[EXERCISE REQUIREMENTS]: Write out each record below exactly, but not the pictures.

Source records:
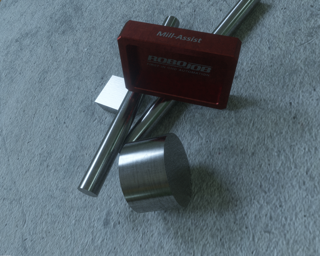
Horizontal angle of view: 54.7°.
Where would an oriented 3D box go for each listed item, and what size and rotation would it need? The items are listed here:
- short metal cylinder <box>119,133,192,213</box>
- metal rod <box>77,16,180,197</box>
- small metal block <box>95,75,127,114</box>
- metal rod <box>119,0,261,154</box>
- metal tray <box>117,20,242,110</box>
[{"bbox_3d":[-0.003,0.049,0.339,0.050,0.080,0.080,-14,56,20],"label":"short metal cylinder"},{"bbox_3d":[-0.032,-0.048,0.426,0.025,0.025,0.300,5,57,30],"label":"metal rod"},{"bbox_3d":[-0.060,-0.047,0.463,0.050,0.025,0.050,20,72,35],"label":"small metal block"},{"bbox_3d":[0.044,-0.079,0.428,0.025,0.025,0.300,33,80,38],"label":"metal rod"},{"bbox_3d":[0.021,-0.072,0.365,0.131,0.090,0.030,12,57,10],"label":"metal tray"}]

[SOLUTION TO THIS PROBLEM]:
Horizontal angle of view: 54.7°.
Where would an oriented 3D box go for each listed item, and what size and rotation would it need? The items are listed here:
- short metal cylinder <box>119,133,192,213</box>
- metal rod <box>77,16,180,197</box>
- small metal block <box>95,75,127,114</box>
- metal rod <box>119,0,261,154</box>
- metal tray <box>117,20,242,110</box>
[{"bbox_3d":[-0.003,0.049,0.339,0.050,0.080,0.080,-14,56,20],"label":"short metal cylinder"},{"bbox_3d":[-0.032,-0.048,0.426,0.025,0.025,0.300,5,57,30],"label":"metal rod"},{"bbox_3d":[-0.060,-0.047,0.463,0.050,0.025,0.050,20,72,35],"label":"small metal block"},{"bbox_3d":[0.044,-0.079,0.428,0.025,0.025,0.300,33,80,38],"label":"metal rod"},{"bbox_3d":[0.021,-0.072,0.365,0.131,0.090,0.030,12,57,10],"label":"metal tray"}]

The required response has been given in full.